The reality check is equally straightforward. Restarts take years. New SMRs take longer — licensing, first-of-a-kind construction, and fuel supply all sit on the critical path, and several announced units target the late 2020s to 2030s. Co-location deals reshuffle existing generation more than they add it. An investor buying "the AI nuclear trade" is buying a multi-year to decade-long thesis, with the near-term uranium impact modest relative to the eventual buildout. Our investment thesis lays out how we weigh the catalyst against the timeline.
How to Get Exposure
If the AI-nuclear story is what you want to own, the exposure splits along the same lines as the rest of the sector. Utilities running the reactors capture the power-price and PPA upside. Uranium miners carry the fuel-demand leverage. SMR developers offer the highest potential return and the highest chance of permanent loss.

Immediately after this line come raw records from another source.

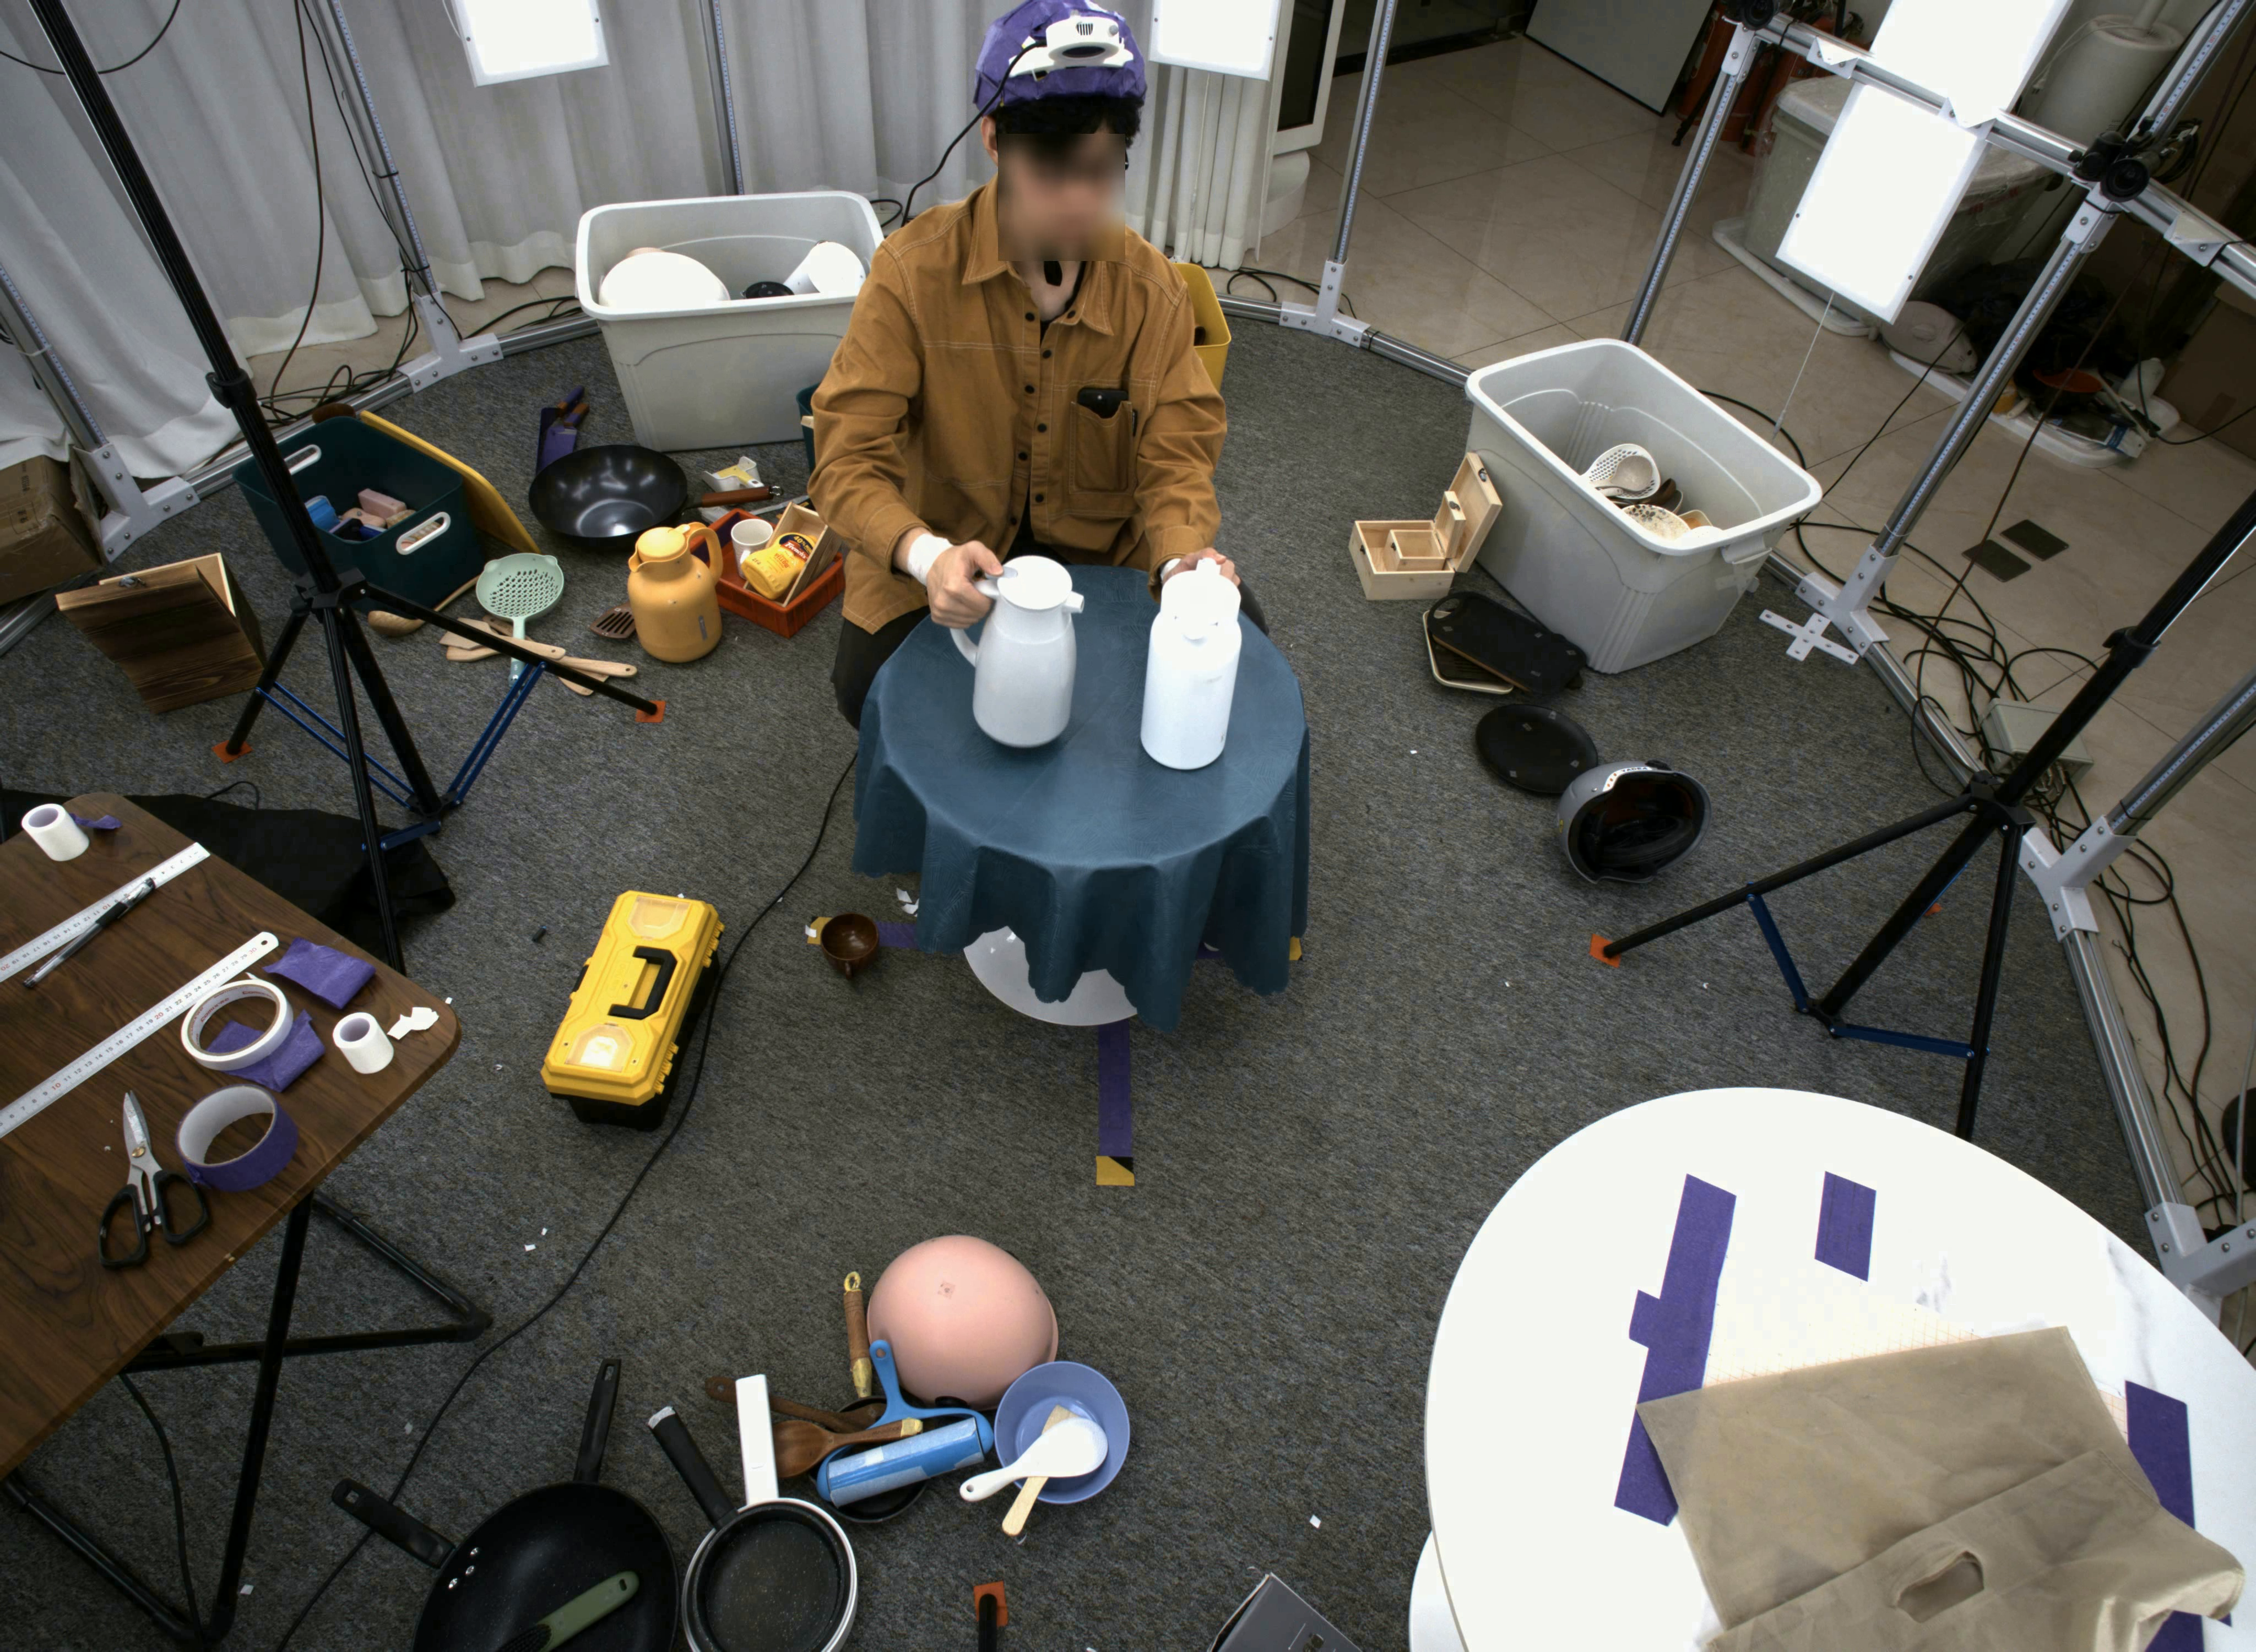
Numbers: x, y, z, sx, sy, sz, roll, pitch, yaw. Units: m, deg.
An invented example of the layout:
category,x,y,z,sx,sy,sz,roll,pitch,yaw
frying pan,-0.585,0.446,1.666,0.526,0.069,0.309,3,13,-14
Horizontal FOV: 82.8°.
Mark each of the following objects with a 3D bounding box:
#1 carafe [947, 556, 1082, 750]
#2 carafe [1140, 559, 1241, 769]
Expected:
category,x,y,z,sx,sy,sz,roll,pitch,yaw
carafe,-0.149,-0.230,1.646,0.168,0.243,0.135,13,52,3
carafe,0.083,-0.215,1.688,0.124,0.262,0.177,8,50,5

- Utilities and the broad universe: our best nuclear energy stocks guide sorts the field by risk.
- Reactor builders: the SMR stocks guide covers order books and dilution, with deeper dives on NuScale Power and Oklo.
- Fuel-side leverage: the uranium stock screener ranks every listed producer and developer.
Frequently asked questions
Which tech companies have signed nuclear deals for AI data centers? Microsoft (with Constellation), Amazon (with Talen and X-energy), Google (with Kairos Power), plus Oracle and Meta, which have signaled large nuclear procurement via permits and an RFP. See the deal table above and our live reactor tracker.
Is Microsoft restarting Three Mile Island? Effectively yes — Microsoft signed a long-term power purchase agreement with Constellation to restart Three Mile Island Unit 1, rebranded the Crane Clean Energy Center (~835 MW). It is a restart of an existing reactor, targeted for later this decade, not new construction.
How much uranium does an AI data center's nuclear power actually need? Depends entirely on the capacity. As a rough frame, a ~1 GW reactor consumes on the order of ~0.4–0.5 million pounds of U3O8 per year once operating. A single restart adds one reactor's worth; the full slate of announced SMR programs would layer on demand gradually through the 2030s.
Will SMRs for data centers move the uranium price soon? Not immediately. Most announced SMRs target the late 2020s to 2030s and face licensing and construction risk, and many need HALEU fuel that also strains enrichment capacity. The demand is real and directional, but it arrives over years.
Are these deals a reason to buy uranium stocks? They strengthen the long-term demand thesis, but they are a multi-year catalyst, not a same-day one. How you get exposure — utilities, miners, or SMR developers — depends on your risk tolerance; see our best nuclear energy stocks guide.
This article is for informational purposes only, not investment advice.